Nación preadjudicó la concesión de la hidrovía Paraná-Paraguay a un consorcio belga
El Gobierno nacional avanzó con la preadjudicación de la concesión de la Hidrovía Paraná-Paraguay al consorcio conformado por la empresa belga Jan de Nul y la firma argentina Servimagnus, en una decisión que marca uno de los procesos de privatización más importantes de la gestión de Javier Milei.
La medida fue comunicada por el Ministerio de Economía, que informó que la comisión evaluadora recomendó adjudicar el contrato tras completar las tres etapas previstas en la licitación internacional, publica Bae Negocios.
La definición se produjo luego de que las dos ofertas finalistas presentaran exactamente el mismo esquema tarifario para el cobro de peajes.
Tanto Jan de Nul-Servimagnus como la belga DEME ofrecieron la tarifa mínima contemplada en el pliego: USD 3,80 por tonelada de registro neto en la primera etapa, con aumentos previstos a USD 4,65 y USD 5,78 en fases posteriores.
El consorcio ganador obtuvo 66,20 puntos frente a los 42,14 alcanzados por DEME, gracias a sus antecedentes en dragado, mantenimiento de vías navegables, sistemas de señalización y propuestas de modernización tecnológica.
Una concesión estratégica por 25 años
La nueva concesión tendrá una duración de 25 años y abarcará las tareas de dragado, mantenimiento y balizamiento de la principal vía de salida de las exportaciones argentinas.
Por la Hidrovía circula cerca del 80% del comercio exterior del país, además de cargas provenientes de Paraguay, Uruguay y el sur de Brasil.
Según estimaciones oficiales, el contrato generará ingresos cercanos a los USD 15.000 millones para el operador privado durante todo el período de concesión y demandará inversiones por alrededor de USD 10.000 millones.
El Gobierno promete una baja en los costos logísticos
Desde el Ministerio de Economía destacaron que la nueva concesión permitirá una reducción inmediata de entre 13,5% y 15% en los costos logísticos para los sectores productivos.
La administración libertaria calcula que el ahorro inicial rondará entre USD 35 millones y USD 40 millones por año.
Además, sostienen que la profundización futura del canal permitirá incrementar la carga de los buques y mejorar la competitividad exportadora.
Se abre el período para impugnaciones
Tras la publicación del dictamen de preadjudicación, se abrirá un plazo de siete días corridos para la presentación de observaciones o impugnaciones formales.

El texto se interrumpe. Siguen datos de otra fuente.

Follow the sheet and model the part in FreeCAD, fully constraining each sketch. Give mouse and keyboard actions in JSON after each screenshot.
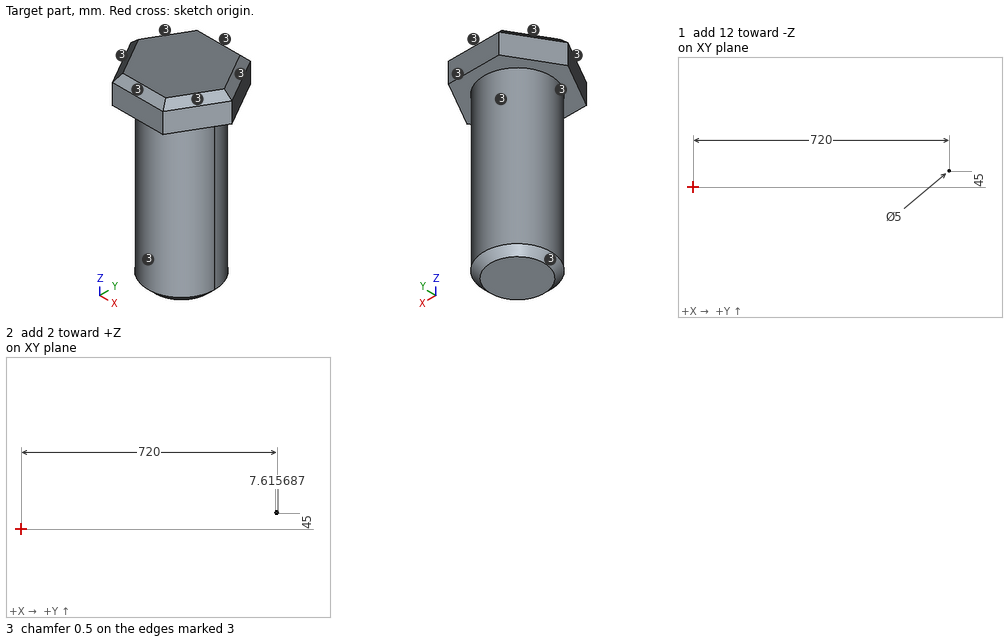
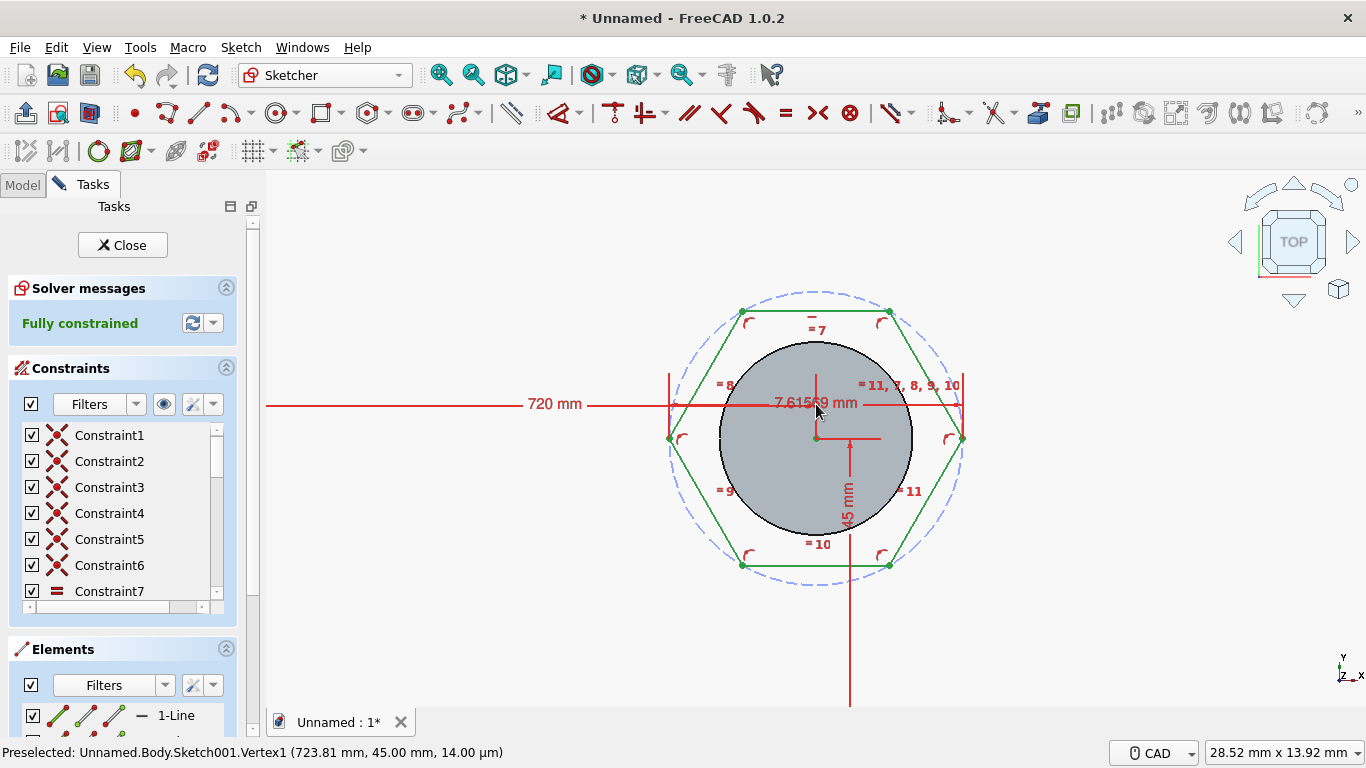
{"action": "left_click", "coordinate": [123, 245]}

Una vez concluida esa etapa, la Agencia Nacional de Puertos y Navegación podrá avanzar con la adjudicación definitiva.
Desde Economía remarcaron que durante todo el proceso no se registraron impugnaciones de las empresas participantes y que la Justicia rechazó las denuncias que intentaron frenar la licitación.
La licitación contó inicialmente con tres oferentes. La brasileña DTA Engenharia quedó fuera del proceso por no presentar la garantía de mantenimiento de oferta exigida en el pliego.
La definición a favor de Jan de Nul pone fin a un proceso seguido de cerca por exportadores, puertos, gobiernos provinciales y operadores logísticos debido al impacto estratégico que tendrá sobre el comercio exterior argentino durante las próximas décadas.